In Vayikra 9:22 the posuk tells us that Aharon lifted his hands and bentched Klal Yisroel. The Gemara in Sotah 38a says that we learn from the word “Ko“ that the bracha of the Kohanim is given while the Kohen stands. The Gemara says we learn this from a hekesh from the brachos that were given on Har Grizim where the Torah says “Yamdu.” Tosfos in Sotah 38a brings in the name of the Ri that if a Kohen gave the bracha while sitting, the bracha is ineffective as we compare it to the word “leshareis,” which means to serve, and a servant serves while he is standing. We find in Zevachim 23b that if a Kohen did the avoda while sitting, the Avoda is mechulleles. Therefore, a Kohen who duchened while sitting would need to redo it and make the bracha again.

The Shvus Yaakov says the above hekesh is not Min HaTorah, it is Mi’deRabbonon and the hekesh is just an asmachta. The Rambam is therefore lenient when it comes to an elderly Kohen or a sick Kohen permitting them to sit, bdieved. The Be’er Heiteiv, in the name of the Kneses Hagdola, Panim Meiros and Noda BiYehuda argue with this position. They all hold that standing is an ikuv and if a Kohen can’t stand, it is better for him not to duchen at all.  

The Magen Avraham in Orach Chaim 128:22 says that only the Kohanim need to stand, but the tzibbur may sit. The Mishna Berura 128:51 brings the Meiri and the Eshkol that the tzibbur must also stand. The Rokeach explains the above posuk by saying that Aharon lifted his hands “El Ha’am,” the tzibbur moved from their designated place to stand before the Kohanim. The Geonim write that it is required for the tzibbur to take a step closer to the Kohanim to receive their bracha.

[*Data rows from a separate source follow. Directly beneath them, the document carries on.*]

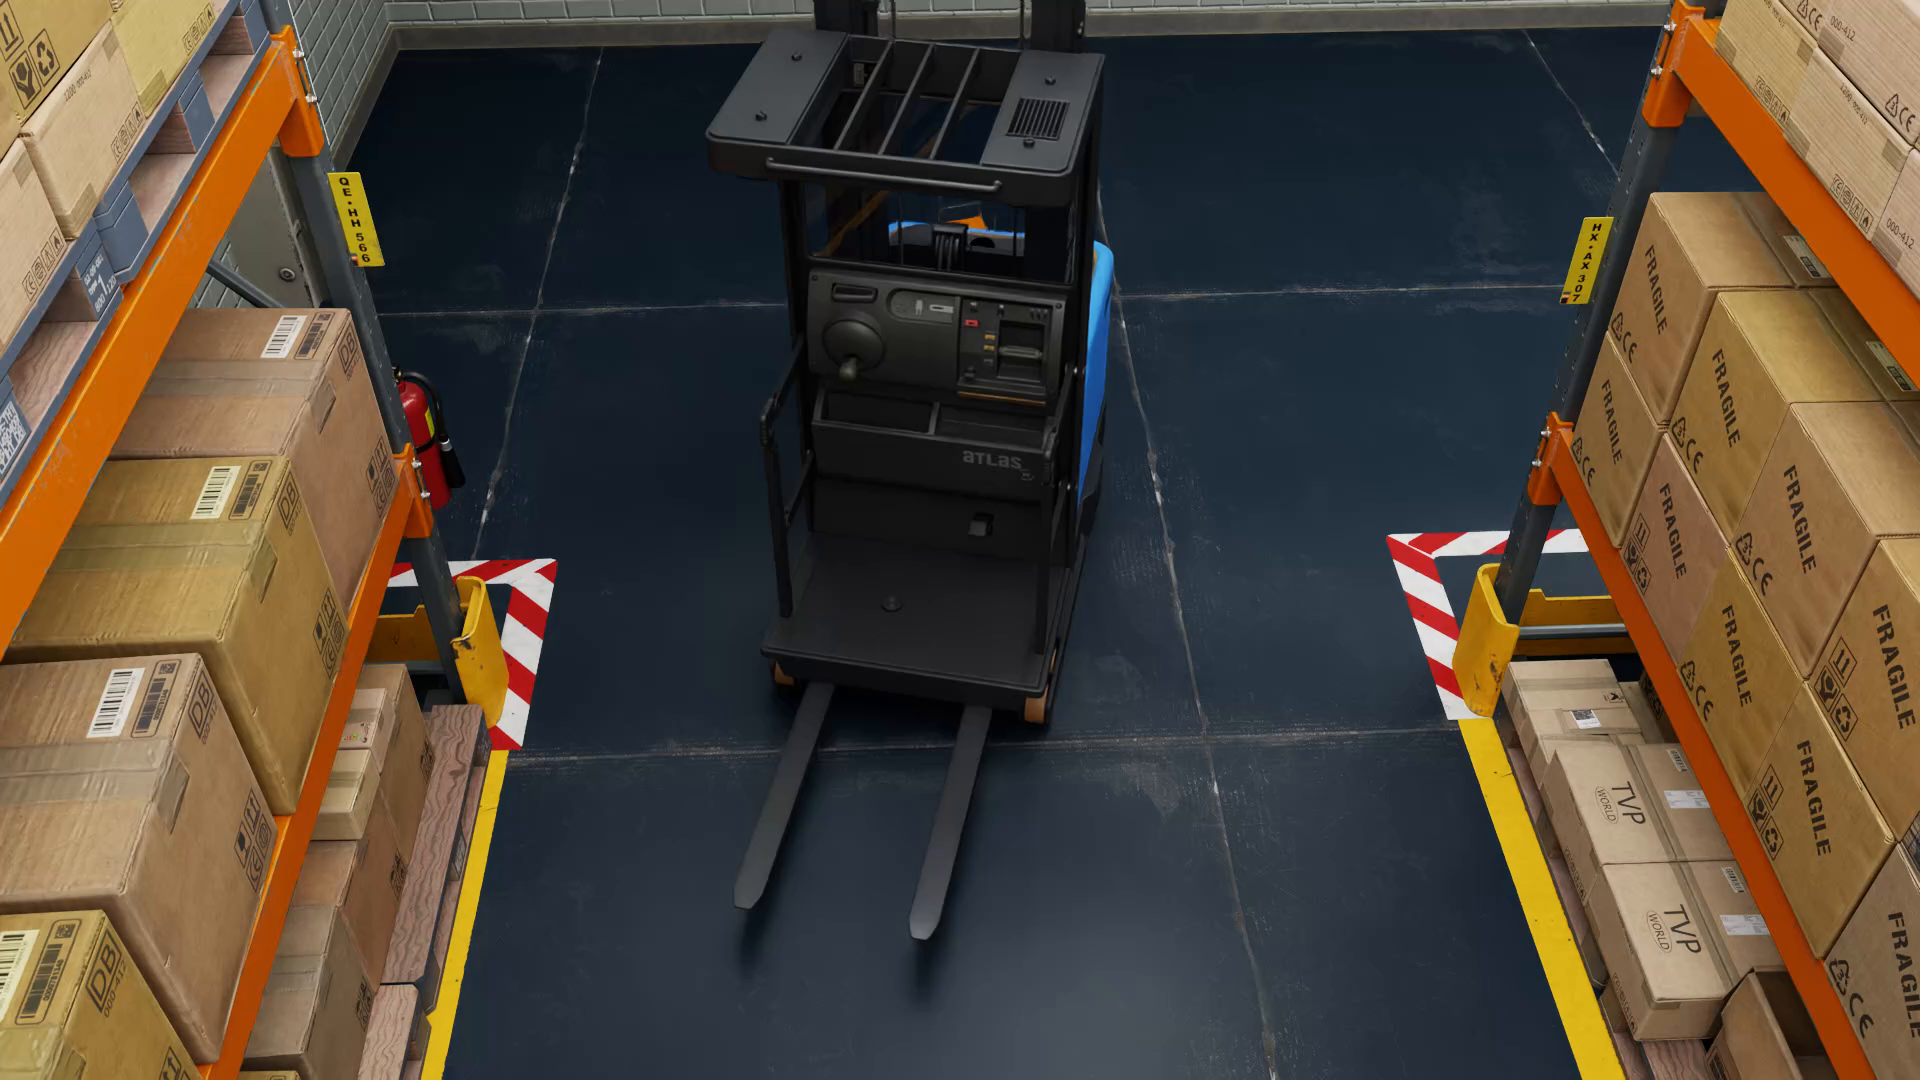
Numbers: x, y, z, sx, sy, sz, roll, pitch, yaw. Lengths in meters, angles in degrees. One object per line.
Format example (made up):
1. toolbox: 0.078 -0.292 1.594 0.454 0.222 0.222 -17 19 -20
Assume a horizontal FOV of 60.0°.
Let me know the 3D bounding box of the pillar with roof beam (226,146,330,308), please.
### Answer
1. pillar with roof beam: 0.941 -4.585 5.592 9.100 9.000 0.400 -2 43 -2

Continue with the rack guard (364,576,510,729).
1. rack guard: -2.382 0.454 6.385 1.175 0.500 0.348 -2 43 -2

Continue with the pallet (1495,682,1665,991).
1. pallet: 2.606 1.021 5.980 1.003 0.211 1.213 -2 43 -2

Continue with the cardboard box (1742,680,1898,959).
1. cardboard box: 2.388 0.699 4.194 0.500 0.500 0.500 -1 43 -1

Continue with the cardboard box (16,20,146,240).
1. cardboard box: -2.062 -0.856 3.470 0.500 0.250 0.500 -3 43 -3

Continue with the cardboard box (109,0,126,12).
1. cardboard box: -2.078 -1.484 3.600 0.500 0.500 0.500 -2 43 -2

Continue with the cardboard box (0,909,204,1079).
1. cardboard box: -2.244 1.279 3.413 0.980 0.700 0.700 -3 43 -3

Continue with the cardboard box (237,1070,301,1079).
1. cardboard box: -2.178 1.822 4.582 0.700 0.500 0.500 -1 43 -1

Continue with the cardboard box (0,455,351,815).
1. cardboard box: -2.308 0.273 4.511 0.980 0.700 0.700 -2 43 -2

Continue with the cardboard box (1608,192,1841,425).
1. cardboard box: 2.323 -0.695 4.974 0.500 0.500 0.500 0 43 0

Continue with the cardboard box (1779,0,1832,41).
1. cardboard box: 2.329 -1.477 4.162 0.500 0.250 0.500 -2 43 -2

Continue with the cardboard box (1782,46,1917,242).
1. cardboard box: 2.344 -0.955 3.963 0.500 0.250 0.500 -2 43 -2

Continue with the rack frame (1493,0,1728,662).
1. rack frame: 2.568 -0.596 5.681 1.000 3.000 0.127 -2 43 -2

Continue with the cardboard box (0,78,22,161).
1. cardboard box: -2.037 -0.794 2.847 0.500 0.500 0.500 -3 43 -4

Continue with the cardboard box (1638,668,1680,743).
1. cardboard box: 2.837 0.523 5.984 0.500 0.500 0.500 -2 43 -2

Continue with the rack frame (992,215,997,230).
1. rack frame: 0.063 -1.009 7.574 0.200 1.050 0.008 -10 44 -11

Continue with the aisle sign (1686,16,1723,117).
1. aisle sign: 2.271 -1.592 4.843 0.394 0.787 0.004 -2 43 -2

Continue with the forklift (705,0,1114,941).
1. forklift: -0.131 -0.644 5.783 1.130 2.935 3.031 8 43 8

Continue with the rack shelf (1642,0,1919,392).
1. rack shelf: 2.653 -0.087 3.437 1.077 0.370 4.000 -2 43 -2

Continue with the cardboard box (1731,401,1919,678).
1. cardboard box: 2.369 -0.004 4.220 0.500 0.500 0.500 -1 43 -1

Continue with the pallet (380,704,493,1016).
1. pallet: -2.269 1.114 5.879 1.003 0.211 1.213 -2 43 -2

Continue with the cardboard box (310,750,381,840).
1. cardboard box: -2.053 0.800 5.217 0.380 0.149 0.250 -1 43 -1

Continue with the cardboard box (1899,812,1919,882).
1. cardboard box: 2.412 0.679 3.476 0.500 0.500 0.500 -1 43 -1

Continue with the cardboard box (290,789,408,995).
1. cardboard box: -2.230 1.123 5.345 0.700 0.500 0.500 -2 43 -2

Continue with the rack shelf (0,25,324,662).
1. rack shelf: -2.296 0.058 3.279 1.077 0.370 4.000 -2 43 -2

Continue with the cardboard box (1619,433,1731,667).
1. cardboard box: 2.350 0.022 4.932 0.500 0.500 0.500 -2 43 -2

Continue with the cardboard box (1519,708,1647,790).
1. cardboard box: 2.253 0.747 5.986 0.380 0.166 0.250 -2 43 -2

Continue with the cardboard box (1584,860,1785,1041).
1. cardboard box: 2.350 1.305 5.315 0.500 0.250 0.500 -2 43 -2

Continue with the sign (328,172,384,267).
1. sign: -1.839 -0.972 5.058 0.100 0.325 0.005 -2 43 -2

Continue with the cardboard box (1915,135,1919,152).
1. cardboard box: 2.371 -0.802 3.426 0.500 0.250 0.500 -2 43 -2

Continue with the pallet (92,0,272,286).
1. pallet: -2.339 -1.024 3.993 1.003 0.211 1.213 -2 43 -2

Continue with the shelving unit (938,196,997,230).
1. shelving unit: 0.030 -1.088 7.660 0.215 1.050 0.252 -10 44 -11

Rava, the son of Rav Huna, says in Sota 31a that once the Sefer Torah is opened one is not allowed to talk, even in Halacha, as the posuk tells us when they opened everyone stood. Standing means being quiet, as we find in Iyov 32:16, “I waited and did not speak because we stood at attention.” The Shailos U’teshuvos Binyamin Zev 163 quotes this Gemara and says that despite the fact that we learn from the posuk that one has to be quiet, we still learn the pashut pshat that one needs to stand. The Rema 146:4 says that one should be stringent and stand. The Mishna Berura 19 says that despite mei’ikar dina one does not need to stand; it is nevertheless preferable to stand. A person should feel as if he was mekabel the Torah on that day. It will help the person concentrate. In the event that standing will cause a lack of concentration, it is better for the person to sit. The Arizal would sit during the entire Krias HaTorah including while the Oleh said Barchu

The Shulchan Aruch 422:7 paskens that one should stand while saying Hallel over the year. The Bais Yosef explains that we learn this from a posuk in Tehillim that says “Hallelu” and then says the words ”Ha’omdim baleilos.” The Pri Chadash says we learn this from the fact that saying Hallel is like a hagadas eidus, and eidim usually testify while standing. The Taz s.4 brings a different proof as the Yidden said Hallel on Erev Pesach in the azarah and no one besides a king from Shevet Yehuda was allowed to sit in the azara. The Toras Chaim in Hilchos Brachos 219:4 writes that according to the Rambam one may sit during Hallel as the Rambam does not mention standing for Hallel.

              We find in the Poskim that the Hallel we say during the seder on Pesach is said while seated. One reason for this is that Hallel is said in a split way: part of it during Magid, and the rest at the end of the Seder. The reason we split Hallel is because the first part of Hallel discusses Yetzias Mitzrayim, which is apropos for Magid. On the other hand, the rest of Hallel discusses the future geula, which is apropos for the end of the Seder where we daven to be redeemed for our final redemption. Another reason is that since the Seder is done when we are leaning back “be’heseiva,” the Chachamim were not matriach a person to have to stand during Hallel of the Seder.

May we be zocheh to say Hallel while we are makriv the Korban Pesach in thanks ofr the final redemption.